Edvaldo Valério

Personal information
- Full name: Edvaldo Valério Silva Filho
- Nicknames: Valério Bala, Salsicha
- Born: April 20, 1978 (age 48) Salvador, Bahia, Brazil
- Height: 1.94 m (6 ft 4 in)
- Weight: 78 kg (172 lb)

Sport
- Sport: Swimming
- Strokes: Freestyle

Medal record
Men's swimming
Representing Brazil
Olympic Games
| Bronze medal – third place | 2000 Sydney | 4×100 m freestyle |

= Edvaldo Valério =

Brazilian swimmer (born 1978)

Edvaldo Valério Silva Filho (born April 20, 1978, in Salvador, Bahia) is a freestyle swimmer from Brazil. He competed for his native country at the 2000 Summer Olympics in Sydney, Australia. There, he was a member of the men's relay team that won the bronze medal in the 4×100-metre freestyle in Sydney, Australia, alongside Fernando Scherer, Gustavo Borges, and Carlos Jayme.

He began his career in the pools of Salvador, where remained for many years. He was several times Brazilian champion in 50-metre, 100-metre and 200-metre freestyle.

He went through various clubs, which highlight the Costa Verde Tênis Clube, the Vasco da Gama, the Grêmio Náutico União and the Minas Tênis Clube.
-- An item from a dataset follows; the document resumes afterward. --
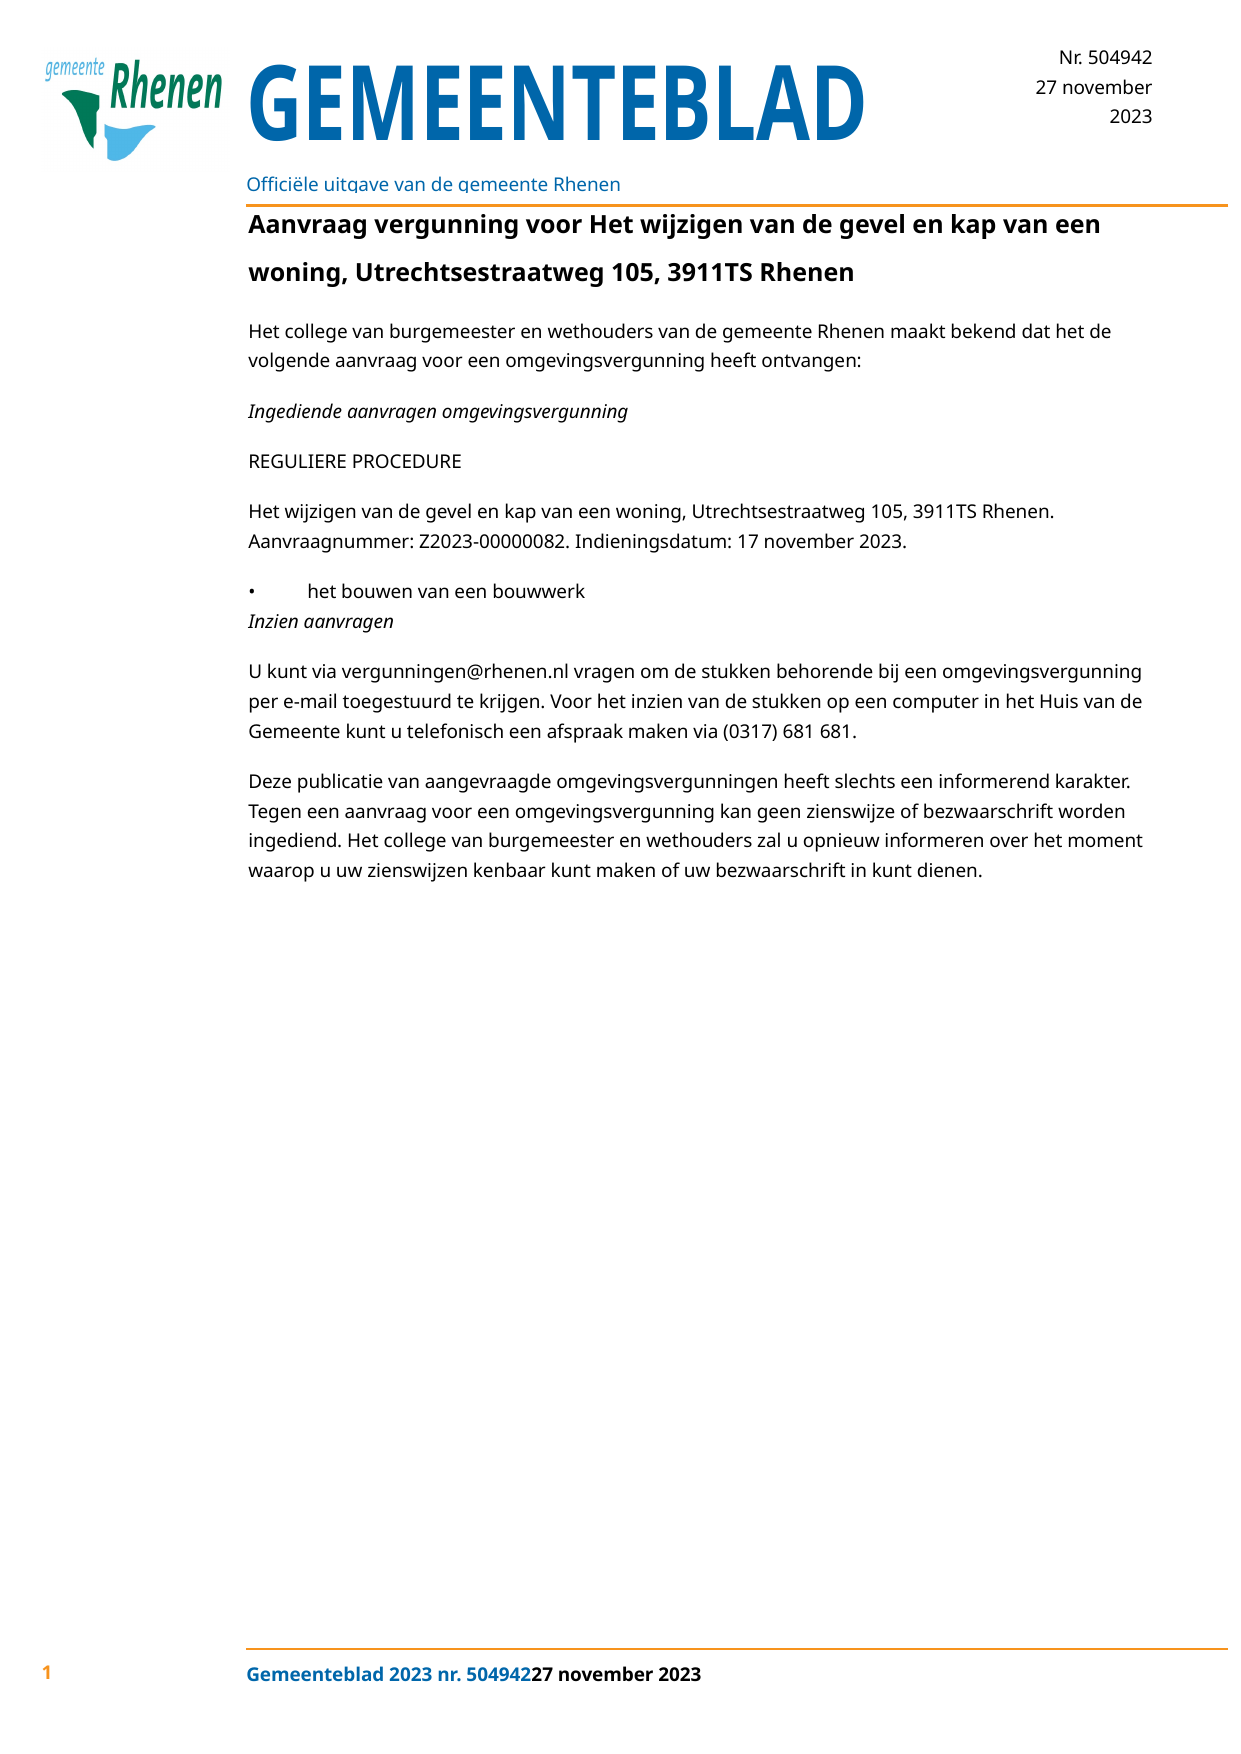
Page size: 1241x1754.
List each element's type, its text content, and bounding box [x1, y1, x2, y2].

Also joined by several years the Brazilian national team, disputing competitions in several locals in the world.

Valério was at the 1998 World Aquatics Championships, in Perth, where he finished 6th in the 4×100-metre freestyle.

He was a reserve the 4×100-metre freestyle in 1999 Pan American Games in Winnipeg.

At the 2000 FINA World Swimming Championships (25 m), in Athens, he finished 29th in the 50-metre freestyle, 32nd in the 100-metre freestyle, 23rd in the 200-metre freestyle, and was in the 4×200-metre freestyle final, finishing in 8th place.

Participated in 2000 Summer Olympics, in Sydney, where he won the bronze medal in the 4×100-metre freestyle. He also got the 13th place in the 4×200-metre freestyle, and the 23rd place in the 50-metre freestyle.

At the 2001 World Aquatics Championships in Fukuoka, he was in the semifinal of the 100-metre freestyle, finishing in 15th place.

In March 2002, at the 36th South American Championships, he won a gold medal in the 50-metre freestyle.